Township in Pennsylvania, United States

Brush Creek Township is a township in Fulton County, Pennsylvania, United States. The population was 736 at the 2020 census.

==Geography==
According to the United States Census Bureau, the township has a total area of 54.3 sqmi, all land.

==Demographics==

As of the census of 2000, there were 730 people, 283 households, and 213 families residing in the township. The population density was 13.4 people per square mile (5.2/km^{2}). There were 394 housing units at an average density of 7.3/sq mi (2.8/km^{2}). The racial makeup of the township was 98.22% White, 0.14% Native American, and 1.64% from two or more races. Hispanic or Latino of any race were 0.96% of the population.

There were 283 households, out of which 33.2% had children under the age of 18 living with them, 58.7% were married couples living together, 9.9% had a female householder with no husband present, and 24.4% were non-families. 22.6% of all households were made up of individuals, and 9.2% had someone living alone who was 65 years of age or older.
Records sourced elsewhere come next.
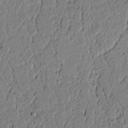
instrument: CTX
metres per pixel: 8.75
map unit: lAvf
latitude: 5.5371
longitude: 167.2565
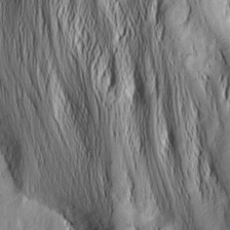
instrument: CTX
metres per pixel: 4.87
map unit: Nhu
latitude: -4.8219
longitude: -152.2523
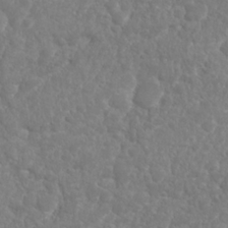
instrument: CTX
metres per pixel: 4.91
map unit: Nhu
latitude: 25.4615
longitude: -61.3104
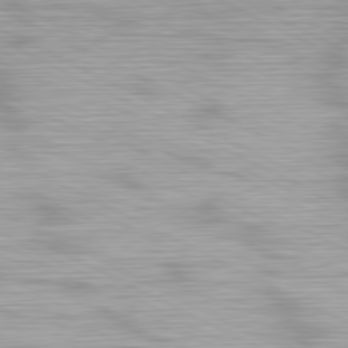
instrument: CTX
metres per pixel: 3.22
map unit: Hpe
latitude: -81.4833
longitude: 17.6722
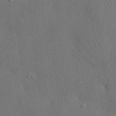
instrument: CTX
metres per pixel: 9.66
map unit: HNhu
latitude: 12.5168
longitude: 10.3306
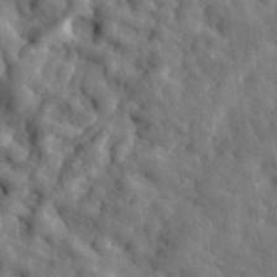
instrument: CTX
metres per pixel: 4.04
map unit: eHh
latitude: 32.5168
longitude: -77.8961
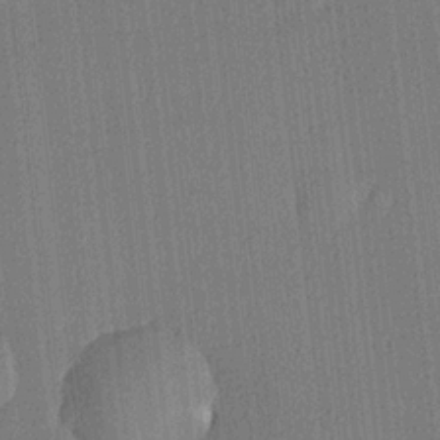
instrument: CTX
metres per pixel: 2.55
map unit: lHvf
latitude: 20.8002
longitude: 141.1809
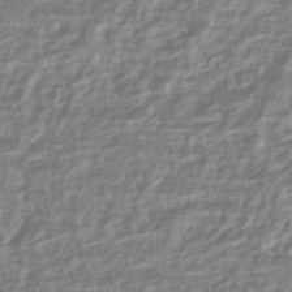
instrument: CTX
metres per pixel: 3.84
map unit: HNhu
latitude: -44.7085
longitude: 99.7477
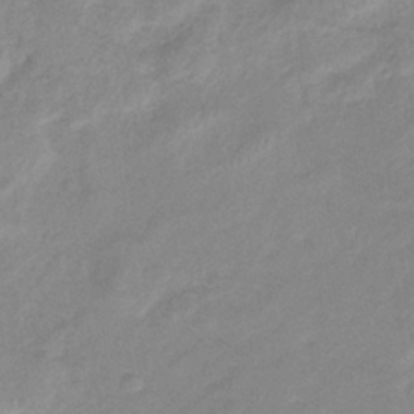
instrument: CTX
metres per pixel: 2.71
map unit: eHb
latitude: -36.7085
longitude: 75.3321
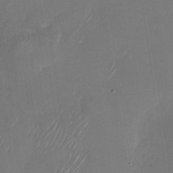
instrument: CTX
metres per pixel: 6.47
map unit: Nhu
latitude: -27.8422
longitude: -62.8380
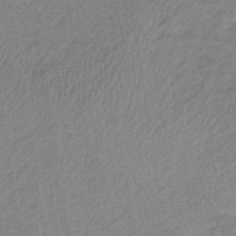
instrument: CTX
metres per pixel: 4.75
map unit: HNb
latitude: -34.0283
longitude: 62.8408
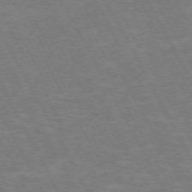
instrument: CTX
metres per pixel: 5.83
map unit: Hpe
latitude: -72.0472
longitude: 9.8044
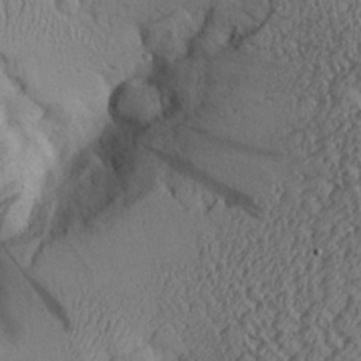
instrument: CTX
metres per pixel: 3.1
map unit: Aa
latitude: 26.4223
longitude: -133.1214
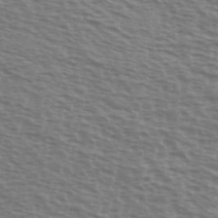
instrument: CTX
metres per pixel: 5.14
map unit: Ave
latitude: 38.2145
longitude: -113.4048
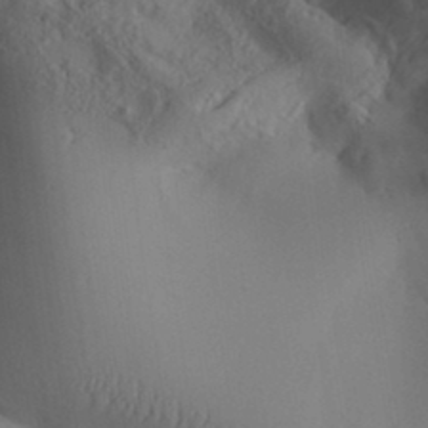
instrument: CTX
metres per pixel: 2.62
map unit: Aa
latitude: 31.5371
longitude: -141.5371
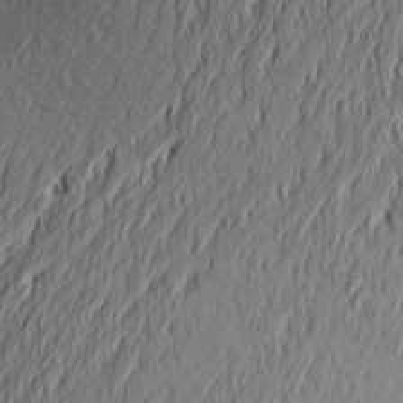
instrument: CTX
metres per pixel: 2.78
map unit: Aa
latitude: 27.2348
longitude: -144.5546
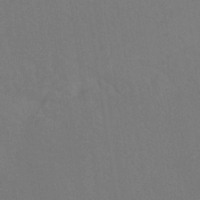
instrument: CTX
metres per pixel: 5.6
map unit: ANa
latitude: -39.3321
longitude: 95.5777

The average household size was 2.54 and the average family size was 2.94.

In the township the population was spread out, with 24.7% under the age of 18, 8.4% from 18 to 24, 26.3% from 25 to 44, 24.4% from 45 to 64, and 16.3% who were 65 years of age or older. The median age was 39 years. For every 100 females, there were 100.0 males. For every 100 females age 18 and over, there were 102.2 males.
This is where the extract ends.